Luisa is dying of cancer and she does not tell anyone about this. Instead, while in

the car, she bonds with the boys by responding to their questions regarding her sex

life. They tell her about their girlfriends, about how they are worried that they would

end up with some Italian dudes up there in Europe where they are vacationing right

now. They tell her of the code of the Charolastras, a word meaning ‘astral cowboy’

which they coined themselves to describe their pot-smoking, partying, and basically

hedonistic lifestyle. Its tenets include smoking marijuana and being loyal to other

Charolastras. Luisa smiles and laughs with them, recounting her teenage life. Only

her past life as a teenager was not as wonderful as theirs. She tells them the first

time she had sex and how she at first did not like it. The boys shriek and laugh. And

then she tells them, amidst the laughter how her boyfriend later died in a motorbike

accident. He was seventeen years old. Their laughter dissolves and we see Luisa’s

gaze drift off into the dry scenery outside.

Of all the characters in the movie, the only likeable one, at least in my opinion, is

Luisa. She possesses that mixture of beauty and sadness that poets throughout the

centuries have found tragically irresistible. There is a charm about her and the fact

that she’s nearing death only adds to the poignancy of the character. She sees a

value in the experiences they have that the boys cannot because she is nearing her

death. Luisa is more aware of the ephemeral nature of things. This theme of

ephemerality we see in the relationships that the three characters have. Luisa’s

marriage breaks down. The girlfriends of Tenoch and Julio both break up with them

once they arrive from Europe. Death is also a constant theme, as evidenced not just

by Luisa’s impending death but by all those other deaths we encounter throughout

the movie.

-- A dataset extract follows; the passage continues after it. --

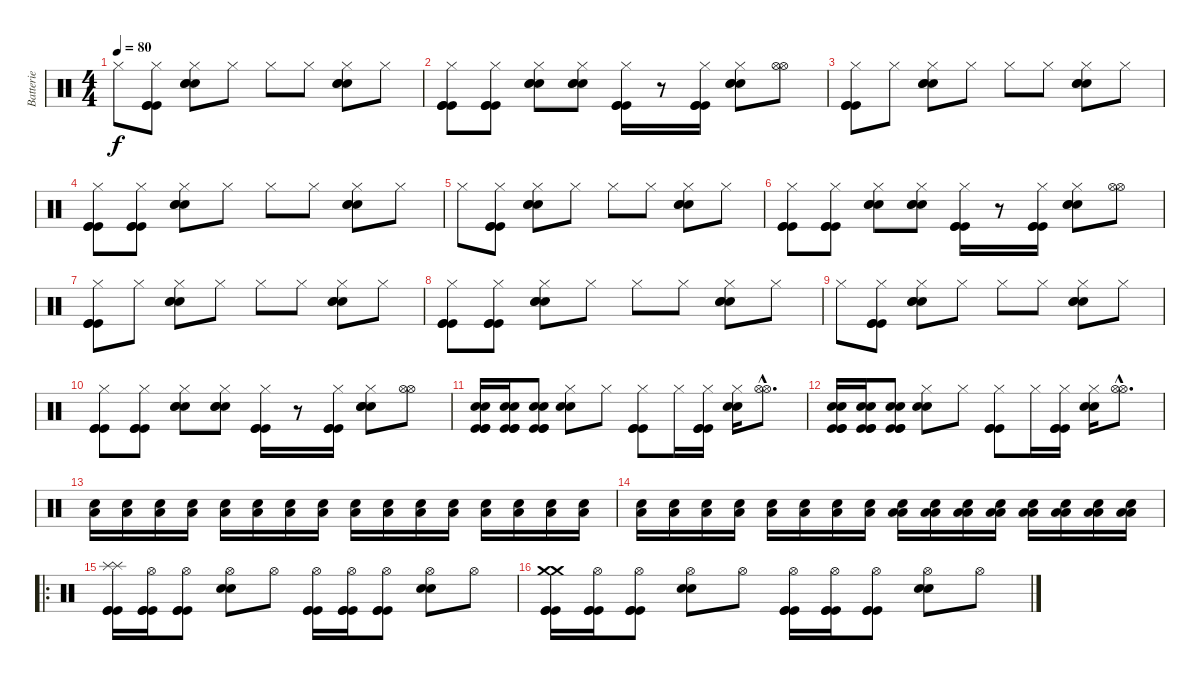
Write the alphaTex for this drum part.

The narrator tells us the death of a girl who along with her parents tried

to cross the US – Mexico border years ago. There are also visual references to this
theme – roadsides that are marked with sticks in the shape of a cross to indicate

some death that occurred in that place in some unknown time.

This smaller theatre in which the three characters move is connected to the larger

setting by the narrator. The narrator for example, tells us that this certain place

where the characters are currently passing through is the place where Tenoch’s

nanny came from and where she moved away from when she was thirteen years old

in order to find a job.

This narrative technique was used in a rather amusing way when Julio accidentally

witnessed Tenoch having sex with Luisa in the motel room. The narrator said that

Julio have not felt that way since that time when he was just a kid and accidentally

saw his mother and some guy have sex while his father was away. Later, in order to

take revenge on Tenoch, Julio tells him that he slept with his girlfriend. The narrator

then tells us that Tenoch has not felt that way, upon hearing those words, since that

time his family had to go outside of the country because his father was involved in a

political scandal regarding the selling of contaminated food to the poor.

The film is a presentation of the intermingling of the natural beauty of the Mexican

landscape and the socioeconomic distress that the majority of the people are under.

It begs us to take a look at those things that are at the periphery of our view – the

poor immigrants, the contractual workers, the nannies, the janitors, etc, those that

are forced to move someplace else in order to provide those whom they love with

something to eat. All of this are in the background of a roadtrip story between two

Charolastras and a Spanish lady named Luisa.